## WORK TO COMPLETE
Repeat the records below exactly as they appear, leaving out any pictures.

>>>>>

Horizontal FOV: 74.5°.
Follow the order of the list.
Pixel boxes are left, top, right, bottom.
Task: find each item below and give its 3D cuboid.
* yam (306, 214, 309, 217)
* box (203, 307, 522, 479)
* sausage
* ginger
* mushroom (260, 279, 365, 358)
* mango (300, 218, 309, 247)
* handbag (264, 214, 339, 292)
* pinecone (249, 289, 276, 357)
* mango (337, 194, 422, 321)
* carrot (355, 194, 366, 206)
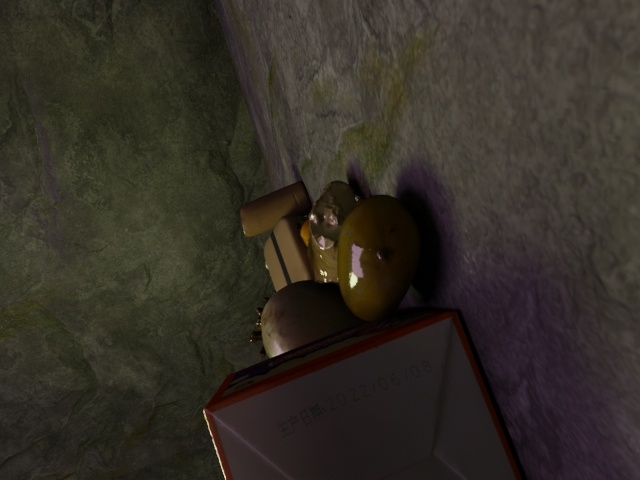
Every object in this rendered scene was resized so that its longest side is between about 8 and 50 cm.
[{"bbox_3d":[-0.036,-0.070,1.546,0.014,0.014,0.107,80,168,-49],"label":"yam"},{"bbox_3d":[0.059,0.304,0.625,0.257,0.348,0.319,118,131,-79],"label":"box"},{"bbox_3d":[-0.163,-0.107,1.478,0.123,0.252,0.123,158,90,-86],"label":"sausage"},{"bbox_3d":[0.034,-0.009,0.869,0.275,0.130,0.222,-169,71,-82],"label":"ginger"},{"bbox_3d":[0.004,0.265,0.941,0.362,0.294,0.362,45,-175,-5],"label":"mushroom"},{"bbox_3d":[-0.002,-0.007,1.216,0.165,0.089,0.115,-132,22,-62],"label":"mango"},{"bbox_3d":[-0.084,0.095,1.420,0.283,0.149,0.302,-51,52,39],"label":"handbag"},{"bbox_3d":[-0.089,0.326,1.600,0.384,0.384,0.385,161,90,-82],"label":"pinecone"},{"bbox_3d":[0.076,0.038,0.625,0.251,0.114,0.157,100,169,-56],"label":"mango"},{"bbox_3d":[0.095,-0.018,0.756,0.142,0.035,0.035,66,172,-4],"label":"carrot"}]

<<<<<

## COMPLETED EXERCISE
Horizontal FOV: 74.5°.
Follow the order of the list.
Pixel boxes are left, top, right, bottom.
Task: find each item below and give its 3D cuboid.
* yam (306, 214, 309, 217)
* box (203, 307, 522, 479)
* sausage
* ginger
* mushroom (260, 279, 365, 358)
* mango (300, 218, 309, 247)
* handbag (264, 214, 339, 292)
* pinecone (249, 289, 276, 357)
* mango (337, 194, 422, 321)
* carrot (355, 194, 366, 206)
Every object in this rendered scene was resized so that its longest side is between about 8 and 50 cm.
[{"bbox_3d":[-0.036,-0.070,1.546,0.014,0.014,0.107,80,168,-49],"label":"yam"},{"bbox_3d":[0.059,0.304,0.625,0.257,0.348,0.319,118,131,-79],"label":"box"},{"bbox_3d":[-0.163,-0.107,1.478,0.123,0.252,0.123,158,90,-86],"label":"sausage"},{"bbox_3d":[0.034,-0.009,0.869,0.275,0.130,0.222,-169,71,-82],"label":"ginger"},{"bbox_3d":[0.004,0.265,0.941,0.362,0.294,0.362,45,-175,-5],"label":"mushroom"},{"bbox_3d":[-0.002,-0.007,1.216,0.165,0.089,0.115,-132,22,-62],"label":"mango"},{"bbox_3d":[-0.084,0.095,1.420,0.283,0.149,0.302,-51,52,39],"label":"handbag"},{"bbox_3d":[-0.089,0.326,1.600,0.384,0.384,0.385,161,90,-82],"label":"pinecone"},{"bbox_3d":[0.076,0.038,0.625,0.251,0.114,0.157,100,169,-56],"label":"mango"},{"bbox_3d":[0.095,-0.018,0.756,0.142,0.035,0.035,66,172,-4],"label":"carrot"}]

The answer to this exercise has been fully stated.